Introduction


I have been working with Data for a bit over 17 years now, I have seen it evolve from its nascent stages to a cornerstone of the tech industry. The journey has been nothing short of revolutionary, impacting businesses and society at large. The evolution and the role of a data engineer have expanded, requiring not just technical skills, but a deep understanding of business, security, and the human element within technology.


I wanted to share what I’ve learned; ideally, it’s a guidebook for those embarking on or navigating through their data engineering journey. Whether you’re a junior engineer looking to carve your path, a senior engineer seeking to deepen your expertise, or a mentor guiding the next generation, the lessons shared here are meant to inspire, challenge, and perhaps even change the way you view your role within the data engineering landscape.



1. Everyone is a Leader


When we think about leaders, we tend to think about CEO’s, Managers maybe politicians, and coaches. However we don’t always think about ourselves.


Leadership in my view is;

  • Volunteering at the local school.
  • Speaking encouraging words to a friend.
  • Holding the hand of a dying parent.
  • Signing up for your school council/committee.
  • Driving the single parent’s kid home after practice.
  • Taking care of yourself, and empowering others to do the same. I don’t think it is a position in a company, it’s an inherent power we should all step up and claim.

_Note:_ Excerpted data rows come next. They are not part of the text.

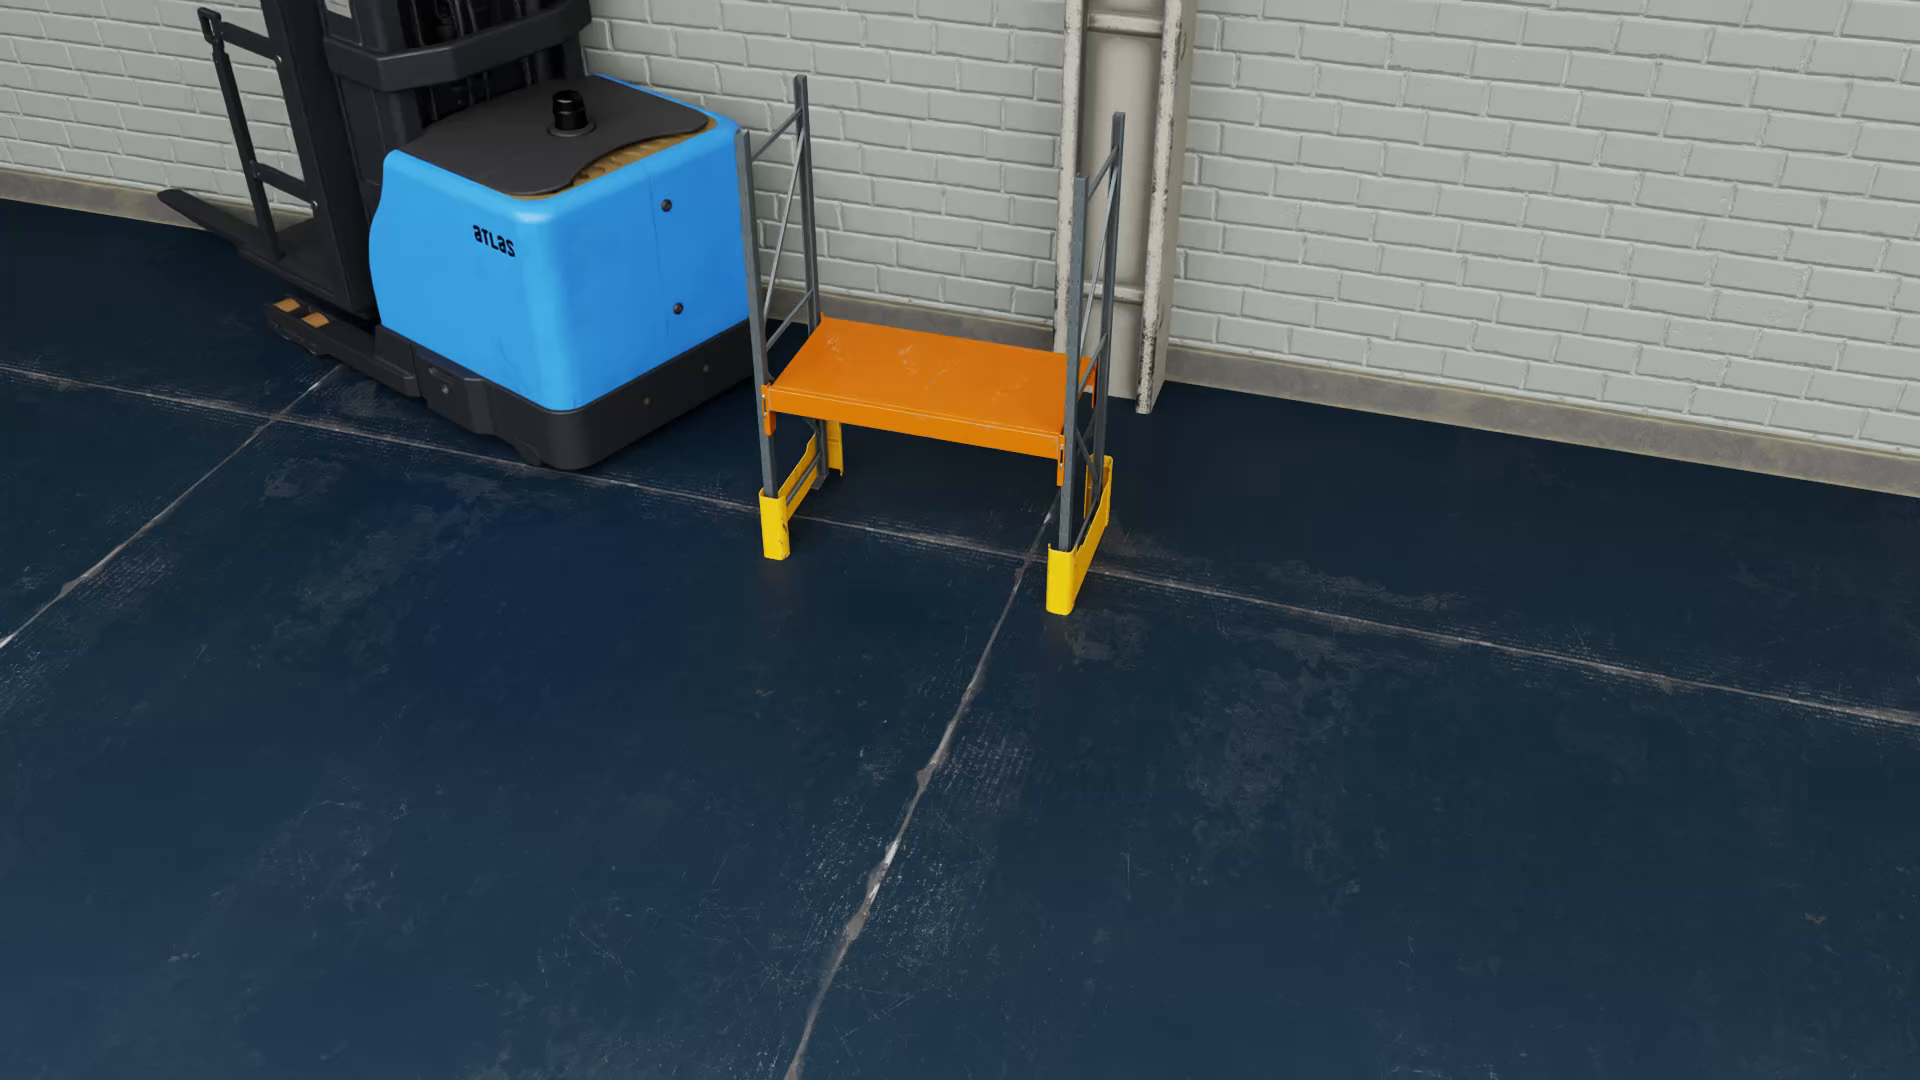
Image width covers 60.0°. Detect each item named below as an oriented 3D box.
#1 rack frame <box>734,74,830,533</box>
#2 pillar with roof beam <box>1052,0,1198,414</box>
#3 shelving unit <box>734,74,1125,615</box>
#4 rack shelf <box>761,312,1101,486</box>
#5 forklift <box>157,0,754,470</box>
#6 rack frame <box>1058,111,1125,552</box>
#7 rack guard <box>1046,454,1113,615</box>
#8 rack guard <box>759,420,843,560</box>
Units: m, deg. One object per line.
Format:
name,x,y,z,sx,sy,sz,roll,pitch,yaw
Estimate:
rack frame,-0.567,-0.709,5.448,0.032,1.500,0.500,10,38,14
pillar with roof beam,-0.697,-1.794,0.596,0.400,9.000,9.100,10,38,14
shelving unit,-0.073,-0.618,5.324,1.083,1.500,0.587,10,38,14
rack shelf,-0.081,-0.474,5.433,1.000,0.185,0.538,10,38,14
forklift,-2.235,-2.154,6.203,3.031,2.935,1.130,26,43,30
rack frame,0.404,-0.529,5.204,0.032,1.500,0.500,10,38,14
rack guard,0.403,-0.026,5.575,0.087,0.250,0.587,10,38,14
rack guard,-0.548,-0.202,5.814,0.087,0.250,0.587,10,38,14
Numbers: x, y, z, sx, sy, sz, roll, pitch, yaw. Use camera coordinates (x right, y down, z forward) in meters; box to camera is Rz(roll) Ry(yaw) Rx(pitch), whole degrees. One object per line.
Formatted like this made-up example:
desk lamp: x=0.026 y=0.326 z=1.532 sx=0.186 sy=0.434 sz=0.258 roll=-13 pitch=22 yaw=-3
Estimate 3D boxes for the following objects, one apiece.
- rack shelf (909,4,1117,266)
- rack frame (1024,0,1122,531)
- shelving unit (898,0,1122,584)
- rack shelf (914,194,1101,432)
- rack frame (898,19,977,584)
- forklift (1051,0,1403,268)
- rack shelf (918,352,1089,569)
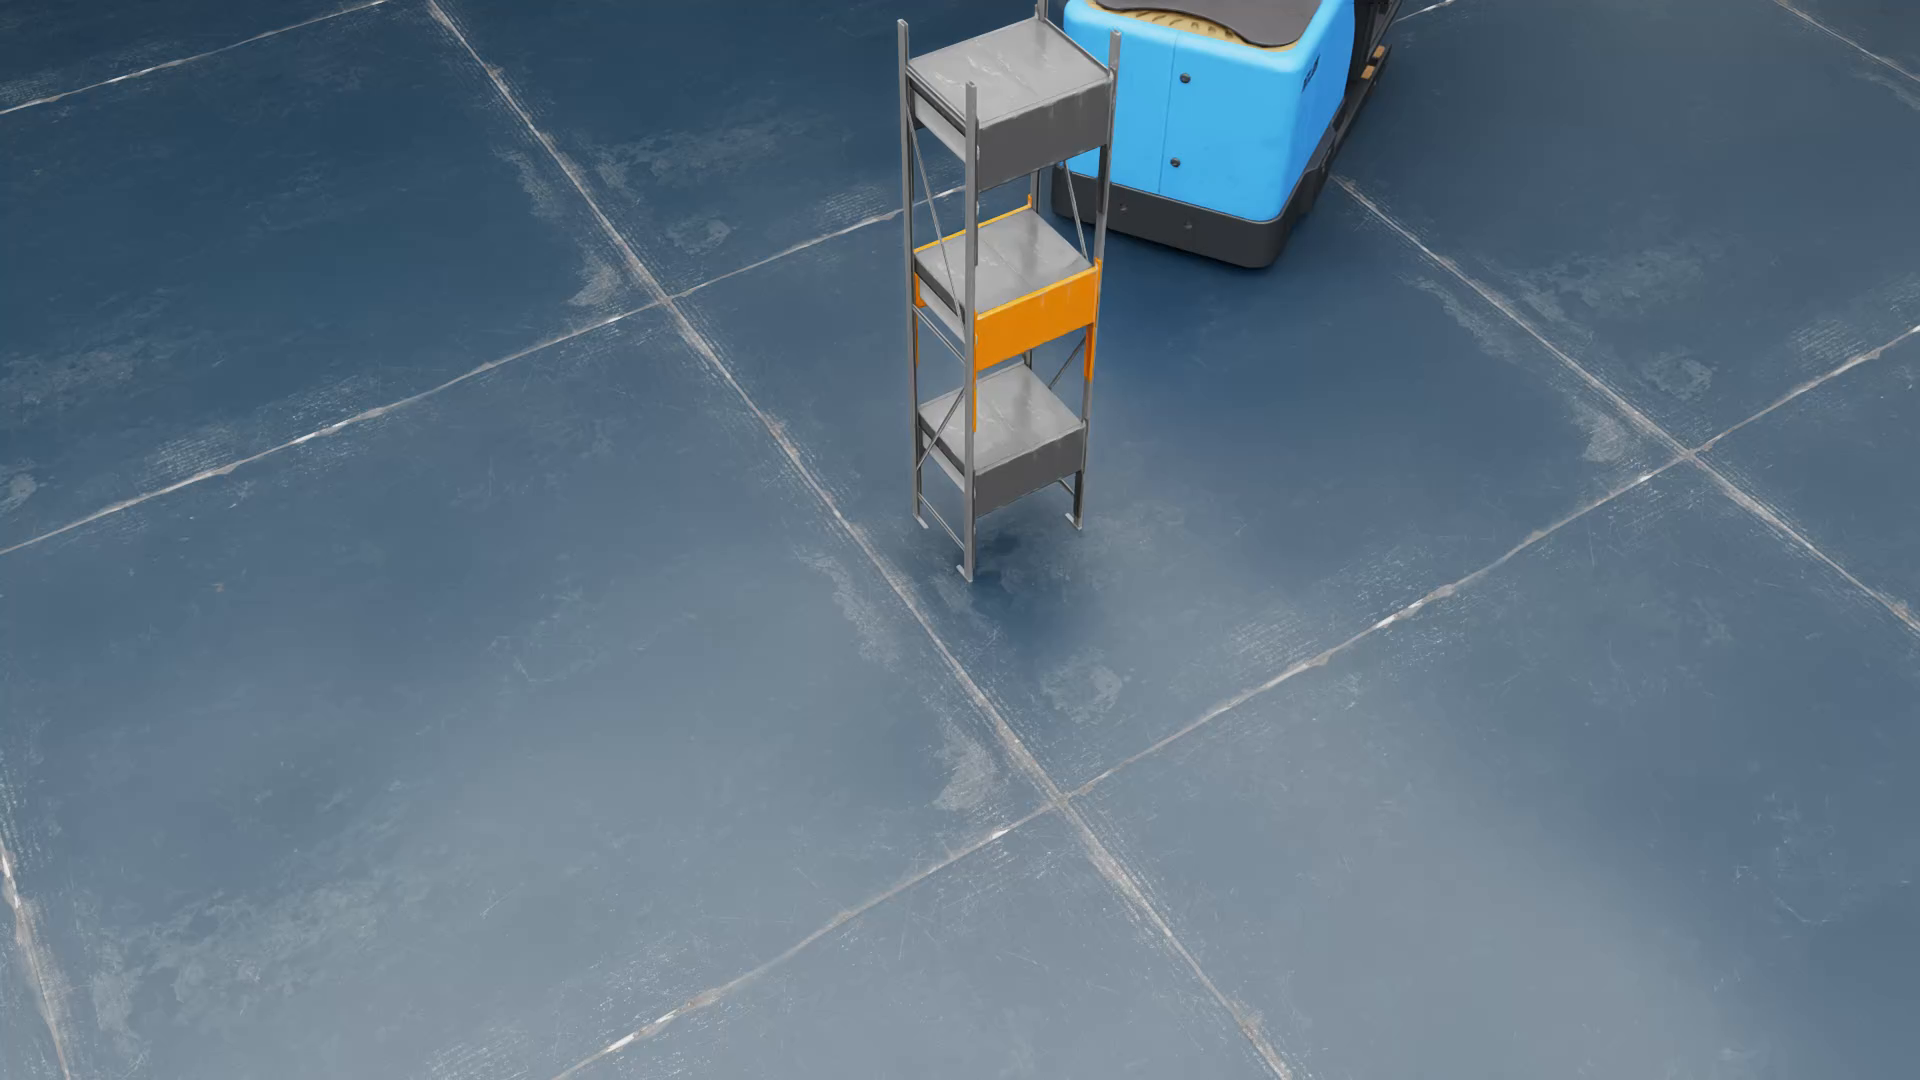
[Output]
rack shelf: x=0.140 y=-1.221 z=5.012 sx=0.480 sy=0.518 sz=0.431 roll=-25 pitch=53 yaw=-21
rack frame: x=0.346 y=-0.861 z=5.611 sx=0.015 sy=2.100 sz=0.400 roll=-25 pitch=53 yaw=-21
shelving unit: x=0.140 y=-0.764 z=5.525 sx=0.503 sy=2.100 sz=0.431 roll=-25 pitch=53 yaw=-21
rack shelf: x=0.140 y=-0.755 z=5.535 sx=0.480 sy=0.518 sz=0.431 roll=-25 pitch=53 yaw=-21
rack frame: x=-0.066 y=-0.667 z=5.438 sx=0.015 sy=2.100 sz=0.400 roll=-25 pitch=53 yaw=-21
forklift: x=1.490 y=-3.269 z=7.198 sx=1.130 sy=2.935 sz=3.031 roll=19 pitch=51 yaw=16
rack shelf: x=0.140 y=-0.290 z=6.058 sx=0.480 sy=0.518 sz=0.431 roll=-25 pitch=53 yaw=-21

I learned this a bit late in my career when I was encouraged by a few senior leaders to lean into solving problems. Initially, it was something simple like helping the team build trust with each other, and unlock each team member’s skills and the value they brought to the team. Making people feel more comfortable in speaking up, included and heard.


Then it evolved into doing the same but at a larger scale. Seeing various leaders create complex plans, guiding and mentoring other staff. Creating and collaborating on policies and procedures. All of this happened at some point because a leader made it happen. These leaders aren’t Managers, they are just regular staff. However, their passion and ownership to drive it lead to it happening.


When this is unlocked correctly, it can have remarkable power within the organization.



2. Show your work?


You don’t have the be a genius. Normally ideas are formed via collaborative effort, but for that collaborative effort to surface you need to be brave enough to share your ideas. Once you share those ideas, collaboration starts to form. Others come and add to your idea, and maybe the output is better.


I was working on an idea around a problem with Slowly Changing Dimension table that works off insert insert-only mechanism, avoiding the update component. The idea made sense in my head, I shared this with some of the Engineers in my squad, and they took the idea and improved on it. Created a working version that we were able to implement. I was so proud of the team, and what they achieved with that initial idea. In moments like this, where you don’t need to know all the answers, but sometimes having the initial seed idea and talking about it, gives opportunity for improvement.


I think there is a lot of other dimensions to showing your work, even if you share just a little bit each day. It improves your relationships with others (via collaboration), and it allows you to develop and harden to feedback or criticism. It also improves your ability to tell stories, and compel others - which can have dividends of improvements to your future.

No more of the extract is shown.